伝説の女優の娘・淵累は卓越した演技力を持ちながら、自分の醜い外見にコンプレックスを抱いて生きてきた。彼女の母親は、キスした相手と顔を取り替えることが可能な謎めいた口紅を娘にのこす。一方、舞台女優の丹沢ニナは、容姿に恵まれながら芽が出ずにいた。やがて二人は出会い反発し合いながらも、互いの短所を補うために口紅の力を使うことにする。 

 

 

W主演2人の演技が光る欲望映画

率直な感想は、

納得の面白さでした!

あんまり映画を観ない人に「最近何か面白い映画ないかな〜?」って聞かれたら、本作をオススメするんじゃないかなってくらいに、突飛な設定・内容ながらも無理のないバランスでまとめられていて、物語的にもダレる事なく、特に女優『土屋太鳳』の演技を十分に堪能できる一本だと思います。

人間誰しもが持ったことあるであろう『あの人みたいになりたいな〜』とか『あの人のあの強みが自分にもあったら良いのに〜』という、ある種の健全な『憧れ』や『無い物ねだり』的な欲求を、実際に叶えることができる魔法のような道具があるとするなら人はどうなるのか?

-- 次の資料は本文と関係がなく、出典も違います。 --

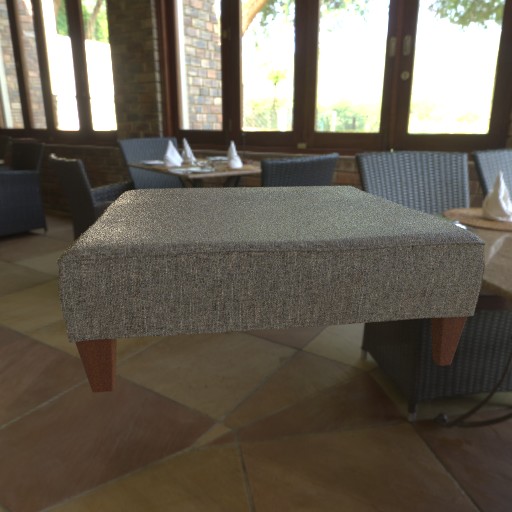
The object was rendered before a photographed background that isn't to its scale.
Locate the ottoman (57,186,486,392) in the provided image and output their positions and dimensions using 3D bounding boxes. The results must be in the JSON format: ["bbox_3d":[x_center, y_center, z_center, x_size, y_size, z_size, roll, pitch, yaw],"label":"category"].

現実ではあり得ない『魔法の道具/口紅』によってその欲求を叶え、叶えたが故に次第に肥大化する人間の底知れぬ欲望や、自分の為なら他人の人生まで奪う強欲さなんかを、えぐり出すように描いた快作でした。

…なんて他人事のように言ったけども、自分にももちろんありますよ!そういう欲求。「身長が170後半くらい欲しかったな」とか「明石家さんまみたいにノンストップで喋れるトーク力が欲しかった」とか「久保田利伸みたいな歌声だったらカラオケでモテるだろうし、歌手にもなれてたかもな」とか色々と。そういう分かりやすい欲求を物語のキッカケにしてるので、興味深く観れちゃいました。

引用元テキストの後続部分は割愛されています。